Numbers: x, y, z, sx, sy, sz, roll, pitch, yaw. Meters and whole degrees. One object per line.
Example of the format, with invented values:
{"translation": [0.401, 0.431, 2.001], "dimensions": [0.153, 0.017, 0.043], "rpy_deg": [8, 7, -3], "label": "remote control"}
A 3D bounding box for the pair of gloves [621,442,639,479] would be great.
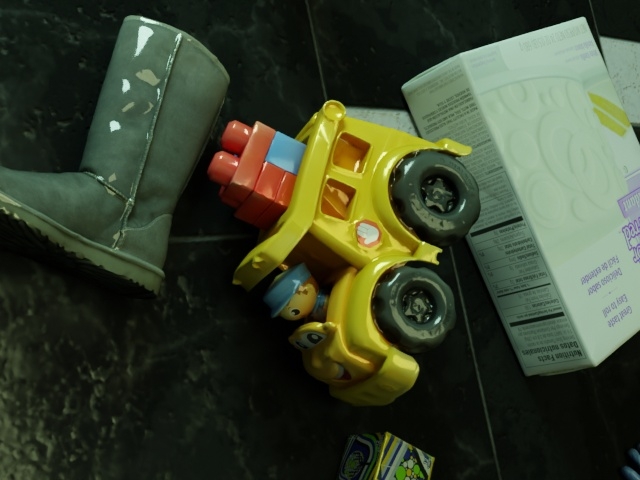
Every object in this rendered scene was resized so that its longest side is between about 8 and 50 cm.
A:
{"translation": [0.417, 0.274, 0.997], "dimensions": [0.198, 0.023, 0.159], "rpy_deg": [-38, 102, -37], "label": "pair of gloves"}

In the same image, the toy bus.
{"translation": [0.000, 0.000, 0.701], "dimensions": [0.211, 0.149, 0.220], "rpy_deg": [22, 65, -16], "label": "toy bus"}

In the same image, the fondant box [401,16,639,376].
{"translation": [0.253, -0.055, 0.930], "dimensions": [0.238, 0.096, 0.330], "rpy_deg": [-25, 93, -40], "label": "fondant box"}

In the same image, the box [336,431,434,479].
{"translation": [0.037, 0.245, 0.697], "dimensions": [0.059, 0.054, 0.169], "rpy_deg": [33, 58, -25], "label": "box"}

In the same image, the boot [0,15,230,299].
{"translation": [-0.161, -0.080, 0.637], "dimensions": [0.190, 0.076, 0.208], "rpy_deg": [32, 65, -42], "label": "boot"}
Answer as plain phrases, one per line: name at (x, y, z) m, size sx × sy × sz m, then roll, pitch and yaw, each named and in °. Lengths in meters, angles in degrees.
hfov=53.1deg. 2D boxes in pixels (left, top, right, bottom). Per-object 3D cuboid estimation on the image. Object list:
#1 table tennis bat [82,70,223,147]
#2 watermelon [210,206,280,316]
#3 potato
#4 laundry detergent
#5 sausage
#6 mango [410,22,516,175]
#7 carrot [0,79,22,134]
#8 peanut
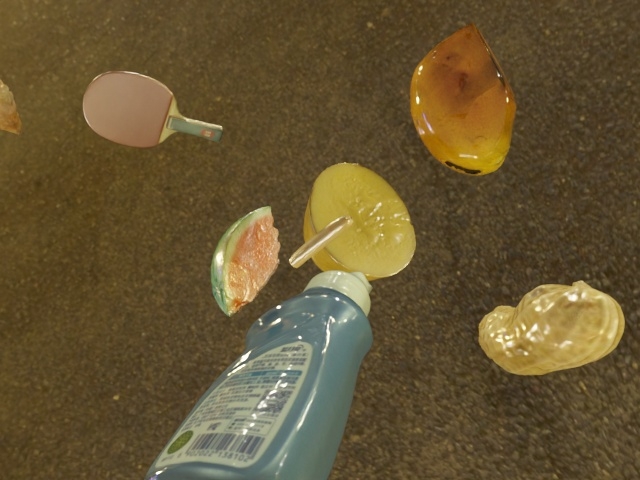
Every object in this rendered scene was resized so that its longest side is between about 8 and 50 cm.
table tennis bat at (-0.328, -0.246, 1.273) m, size 0.021 × 0.274 × 0.154 m, roll -108°, pitch 37°, yaw -51°
watermelon at (-0.186, 0.038, 1.353) m, size 0.146 × 0.128 × 0.231 m, roll -8°, pitch 39°, yaw 50°
potato at (0.043, -0.012, 1.105) m, size 0.178 × 0.203 × 0.158 m, roll -51°, pitch 5°, yaw -28°
laundry detergent at (-0.028, 0.130, 0.584) m, size 0.143 × 0.094 × 0.290 m, roll -17°, pitch 24°, yaw 35°
sausage at (0.000, 0.000, 0.949) m, size 0.132 × 0.024 × 0.024 m, roll -39°, pitch 48°, yaw 35°
mango at (0.234, -0.218, 1.052) m, size 0.166 × 0.136 × 0.236 m, roll -30°, pitch 65°, yaw 28°
carrot at (-0.443, -0.206, 0.744) m, size 0.102 × 0.263 × 0.102 m, roll -11°, pitch 58°, yaw 19°
peanut at (0.387, 0.160, 1.135) m, size 0.325 × 0.140 × 0.153 m, roll 149°, pitch 112°, yaw -64°
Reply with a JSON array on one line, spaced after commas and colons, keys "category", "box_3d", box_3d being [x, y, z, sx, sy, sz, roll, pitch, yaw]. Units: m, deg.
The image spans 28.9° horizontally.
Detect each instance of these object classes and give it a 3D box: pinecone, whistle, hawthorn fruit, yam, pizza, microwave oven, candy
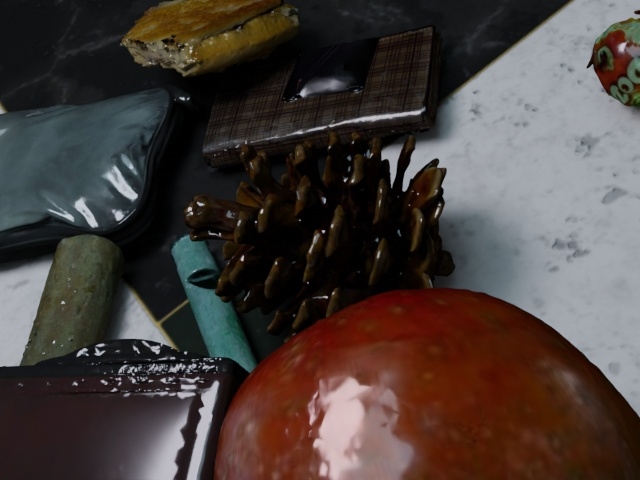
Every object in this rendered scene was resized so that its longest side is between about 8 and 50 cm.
[{"category": "pinecone", "box_3d": [-0.001, 0.002, 0.994, 0.212, 0.168, 0.185, -5, 39, 6]}, {"category": "whistle", "box_3d": [-0.089, 0.069, 1.069, 0.039, 0.039, 0.186, -29, 49, 3]}, {"category": "hawthorn fruit", "box_3d": [0.072, 0.165, 0.772, 0.284, 0.284, 0.284, -13, 52, 16]}, {"category": "yam", "box_3d": [-0.224, 0.078, 1.106, 0.068, 0.068, 0.169, -7, 53, 20]}, {"category": "pizza", "box_3d": [-0.122, -0.199, 1.243, 0.226, 0.069, 0.147, 9, 35, 46]}, {"category": "microwave oven", "box_3d": [-0.145, 0.192, 0.910, 0.247, 0.178, 0.188, -5, 54, 21]}, {"category": "candy", "box_3d": [0.320, -0.228, 1.082, 0.084, 0.078, 0.287, 24, 63, 18]}]

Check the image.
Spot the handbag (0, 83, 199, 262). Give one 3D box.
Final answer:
[{"category": "handbag", "box_3d": [-0.283, -0.064, 1.241, 0.332, 0.075, 0.191, -8, 50, 24]}]

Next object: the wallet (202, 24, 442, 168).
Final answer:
[{"category": "wallet", "box_3d": [0.002, -0.135, 1.174, 0.230, 0.042, 0.124, -11, 51, 24]}]
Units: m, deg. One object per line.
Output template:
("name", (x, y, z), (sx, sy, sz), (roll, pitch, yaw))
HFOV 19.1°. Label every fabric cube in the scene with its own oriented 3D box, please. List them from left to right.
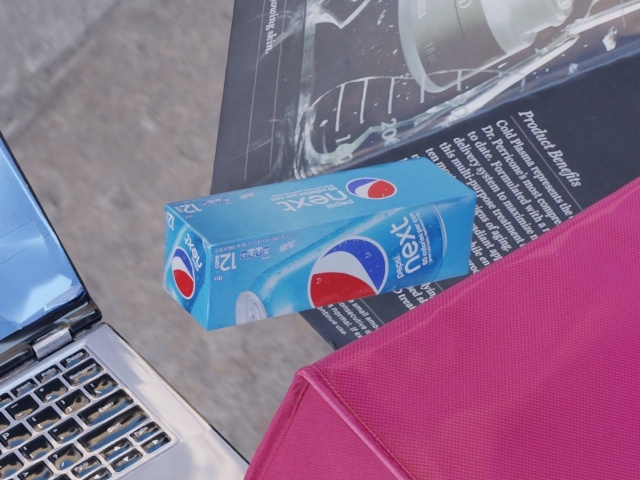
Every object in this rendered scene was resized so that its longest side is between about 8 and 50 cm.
("fabric cube", (0.120, 0.168, 0.915), (0.258, 0.259, 0.254), (-29, 68, -38))

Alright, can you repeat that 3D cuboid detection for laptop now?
("laptop", (-0.303, 0.094, 1.229), (0.382, 0.236, 0.408), (-31, 41, -19))

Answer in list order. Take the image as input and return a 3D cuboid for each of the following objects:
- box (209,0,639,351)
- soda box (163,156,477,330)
("box", (0.177, -0.188, 1.839), (0.472, 0.297, 0.480), (-20, 44, 24))
("soda box", (0.000, 0.000, 1.307), (0.210, 0.067, 0.071), (-12, 30, -27))

* _Exercise_: Please print every record above exactly, but leave the pictures out.

* _Exercise response_:
Numbers: x, y, z, sx, sy, sz, roll, pitch, yaw. Meters and whole degrees. One object per line.
Example of the format, with invented values:
{"translation": [0.401, 0.431, 2.001], "dimensions": [0.153, 0.017, 0.043], "rpy_deg": [8, 7, -3], "label": "remote control"}
A 3D bounding box for the pair of gloves [621,442,639,479] would be great.
Every object in this rendered scene was resized so that its longest side is between about 8 and 50 cm.
A:
{"translation": [0.417, 0.274, 0.997], "dimensions": [0.198, 0.023, 0.159], "rpy_deg": [-38, 102, -37], "label": "pair of gloves"}

In the same image, the toy bus.
{"translation": [0.000, 0.000, 0.701], "dimensions": [0.211, 0.149, 0.220], "rpy_deg": [22, 65, -16], "label": "toy bus"}

In the same image, the fondant box [401,16,639,376].
{"translation": [0.253, -0.055, 0.930], "dimensions": [0.238, 0.096, 0.330], "rpy_deg": [-25, 93, -40], "label": "fondant box"}

In the same image, the box [336,431,434,479].
{"translation": [0.037, 0.245, 0.697], "dimensions": [0.059, 0.054, 0.169], "rpy_deg": [33, 58, -25], "label": "box"}

In the same image, the boot [0,15,230,299].
{"translation": [-0.161, -0.080, 0.637], "dimensions": [0.190, 0.076, 0.208], "rpy_deg": [32, 65, -42], "label": "boot"}
Answer as plain phrases, one per line: name at (x, y, z) m, size sx × sy × sz m, then roll, pitch and yaw, each named and in °. Lengths in meters, angles in degrees.
hfov=53.1deg. 2D boxes in pixels (left, top, right, bottom). Per-object 3D cuboid estimation on the image. Object list:
#1 table tennis bat [82,70,223,147]
#2 watermelon [210,206,280,316]
#3 potato
#4 laundry detergent
#5 sausage
#6 mango [410,22,516,175]
#7 carrot [0,79,22,134]
#8 peanut
Every object in this rendered scene was resized so that its longest side is between about 8 and 50 cm.
table tennis bat at (-0.328, -0.246, 1.273) m, size 0.021 × 0.274 × 0.154 m, roll -108°, pitch 37°, yaw -51°
watermelon at (-0.186, 0.038, 1.353) m, size 0.146 × 0.128 × 0.231 m, roll -8°, pitch 39°, yaw 50°
potato at (0.043, -0.012, 1.105) m, size 0.178 × 0.203 × 0.158 m, roll -51°, pitch 5°, yaw -28°
laundry detergent at (-0.028, 0.130, 0.584) m, size 0.143 × 0.094 × 0.290 m, roll -17°, pitch 24°, yaw 35°
sausage at (0.000, 0.000, 0.949) m, size 0.132 × 0.024 × 0.024 m, roll -39°, pitch 48°, yaw 35°
mango at (0.234, -0.218, 1.052) m, size 0.166 × 0.136 × 0.236 m, roll -30°, pitch 65°, yaw 28°
carrot at (-0.443, -0.206, 0.744) m, size 0.102 × 0.263 × 0.102 m, roll -11°, pitch 58°, yaw 19°
peanut at (0.387, 0.160, 1.135) m, size 0.325 × 0.140 × 0.153 m, roll 149°, pitch 112°, yaw -64°
Reply with a JSON array on one line, spaced after commas and colons, keys "category", "box_3d", box_3d being [x, y, z, sx, sy, sz, roll, pitch, yaw]. Units: m, deg.
The image spans 28.9° horizontally.
Detect each instance of these object classes and give it a 3D box: pinecone, whistle, hawthorn fruit, yam, pizza, microwave oven, candy
Every object in this rendered scene was resized so that its longest side is between about 8 and 50 cm.
[{"category": "pinecone", "box_3d": [-0.001, 0.002, 0.994, 0.212, 0.168, 0.185, -5, 39, 6]}, {"category": "whistle", "box_3d": [-0.089, 0.069, 1.069, 0.039, 0.039, 0.186, -29, 49, 3]}, {"category": "hawthorn fruit", "box_3d": [0.072, 0.165, 0.772, 0.284, 0.284, 0.284, -13, 52, 16]}, {"category": "yam", "box_3d": [-0.224, 0.078, 1.106, 0.068, 0.068, 0.169, -7, 53, 20]}, {"category": "pizza", "box_3d": [-0.122, -0.199, 1.243, 0.226, 0.069, 0.147, 9, 35, 46]}, {"category": "microwave oven", "box_3d": [-0.145, 0.192, 0.910, 0.247, 0.178, 0.188, -5, 54, 21]}, {"category": "candy", "box_3d": [0.320, -0.228, 1.082, 0.084, 0.078, 0.287, 24, 63, 18]}]

Check the image.
Spot the handbag (0, 83, 199, 262). Give one 3D box.
Final answer:
[{"category": "handbag", "box_3d": [-0.283, -0.064, 1.241, 0.332, 0.075, 0.191, -8, 50, 24]}]

Next object: the wallet (202, 24, 442, 168).
Final answer:
[{"category": "wallet", "box_3d": [0.002, -0.135, 1.174, 0.230, 0.042, 0.124, -11, 51, 24]}]
Units: m, deg. One object per line.
Output template:
("name", (x, y, z), (sx, sy, sz), (roll, pitch, yaw))
HFOV 19.1°. Label every fabric cube in the scene with its own oriented 3D box, please. List them from left to right.
Every object in this rendered scene was resized so that its longest side is between about 8 and 50 cm.
("fabric cube", (0.120, 0.168, 0.915), (0.258, 0.259, 0.254), (-29, 68, -38))

Alright, can you repeat that 3D cuboid detection for laptop now?
("laptop", (-0.303, 0.094, 1.229), (0.382, 0.236, 0.408), (-31, 41, -19))

Answer in list order. Take the image as input and return a 3D cuboid for each of the following objects:
- box (209,0,639,351)
- soda box (163,156,477,330)
("box", (0.177, -0.188, 1.839), (0.472, 0.297, 0.480), (-20, 44, 24))
("soda box", (0.000, 0.000, 1.307), (0.210, 0.067, 0.071), (-12, 30, -27))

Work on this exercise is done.